# [Assignment]
Please write out exactly the line containing "Image resolution: width=953" below and every line after it, through the last one, but leave out any pictures.

# [Input for this task]
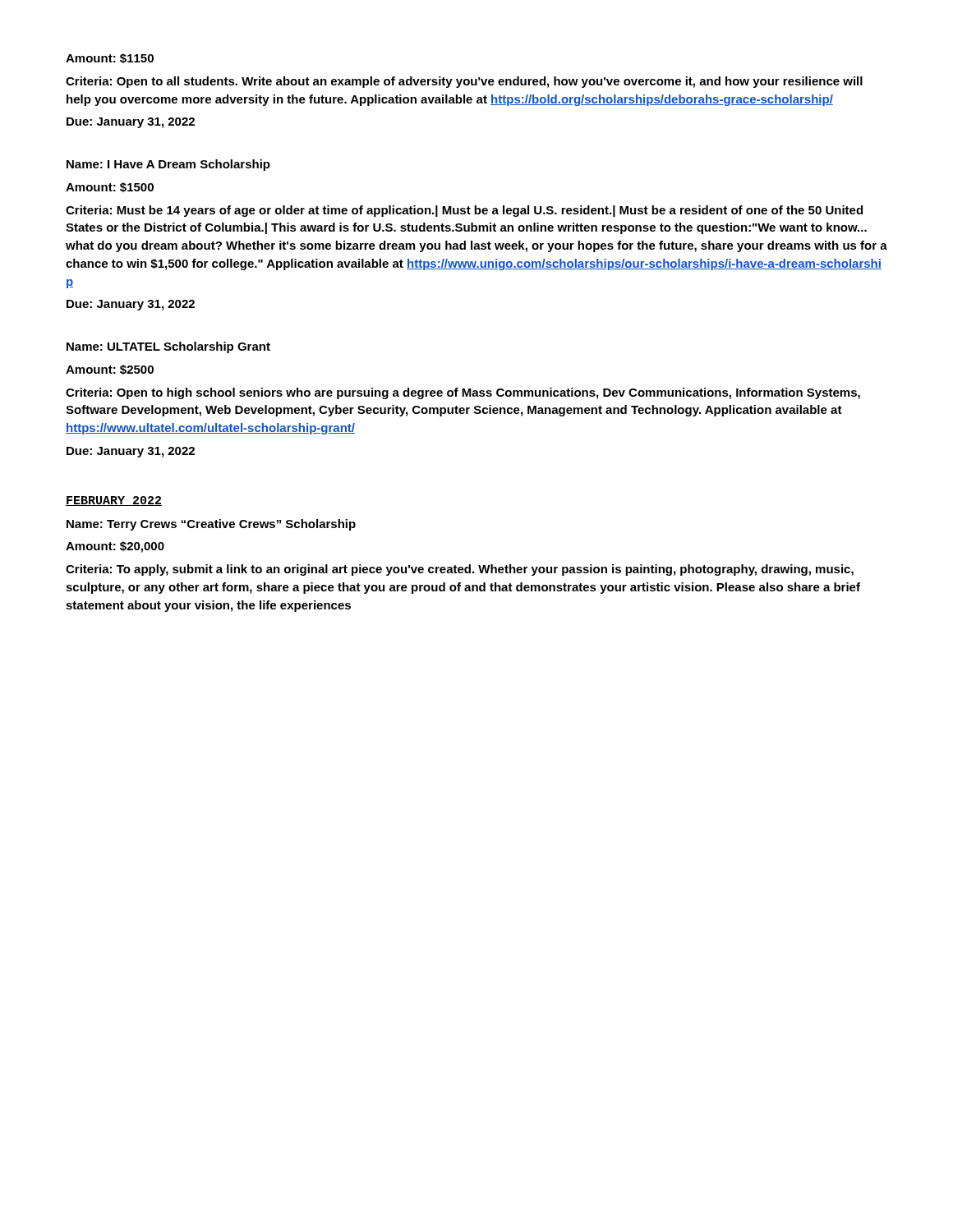Locate the element starting "Amount: $20,000"
Viewport: 953px width, 1232px height.
[x=115, y=547]
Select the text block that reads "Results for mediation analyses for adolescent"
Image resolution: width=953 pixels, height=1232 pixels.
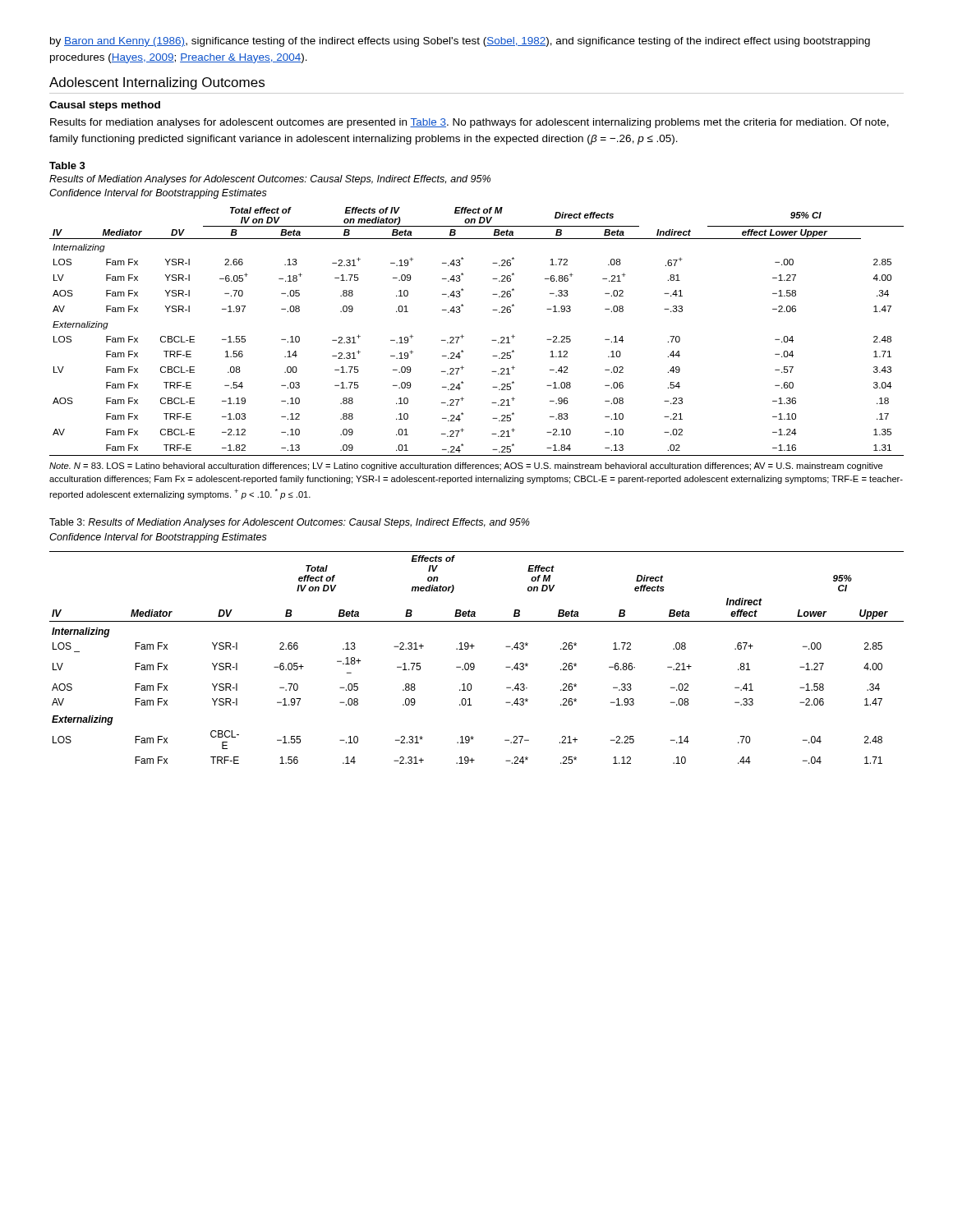469,130
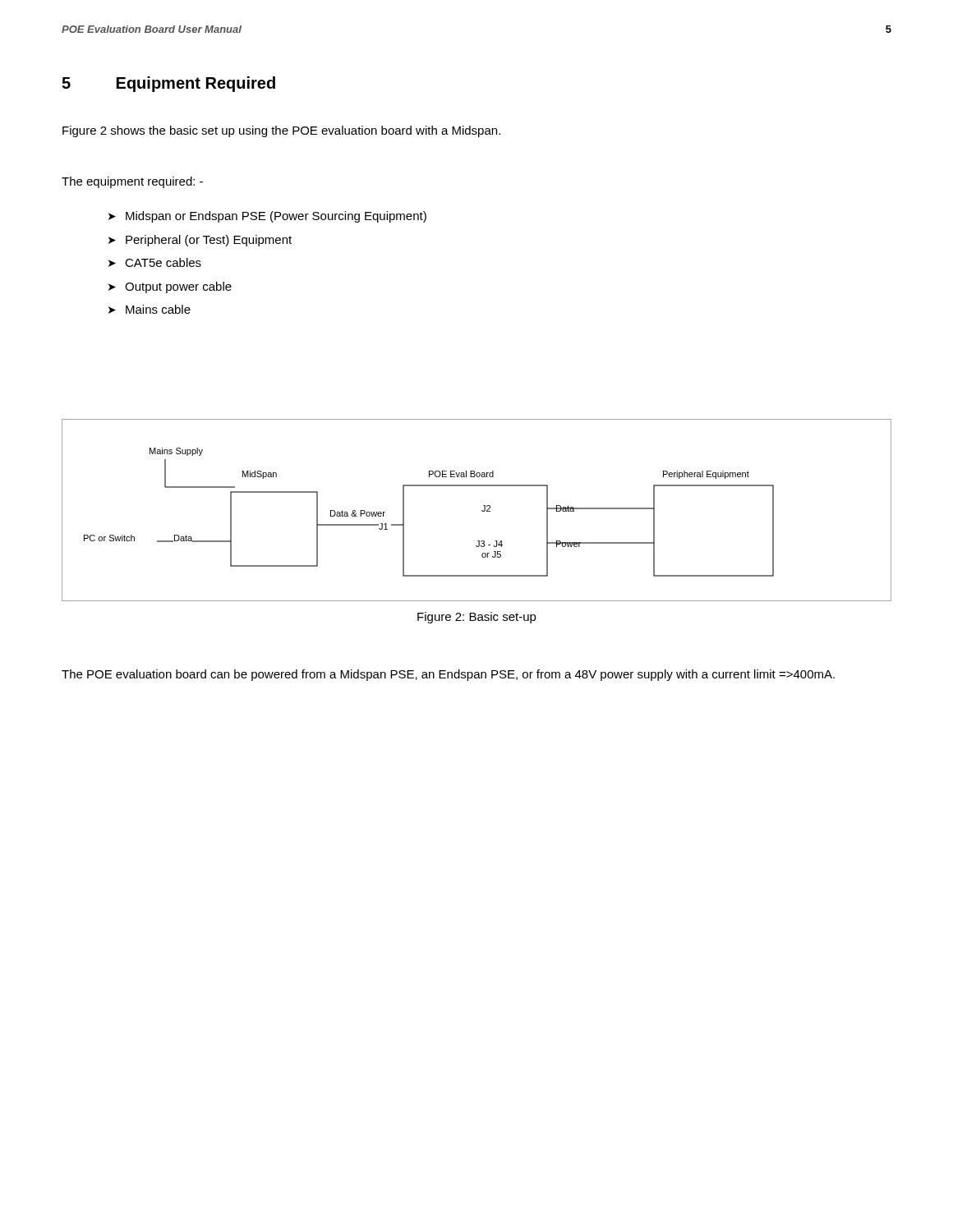The width and height of the screenshot is (953, 1232).
Task: Find the passage starting "➤ Output power cable"
Action: tap(169, 286)

# [Answer to the exercise]
Image resolution: width=953 pixels, height=1232 pixels.
469,130
The width and height of the screenshot is (953, 1232).
Task: Find the passage starting "➤ Output power cable"
Action: tap(169, 286)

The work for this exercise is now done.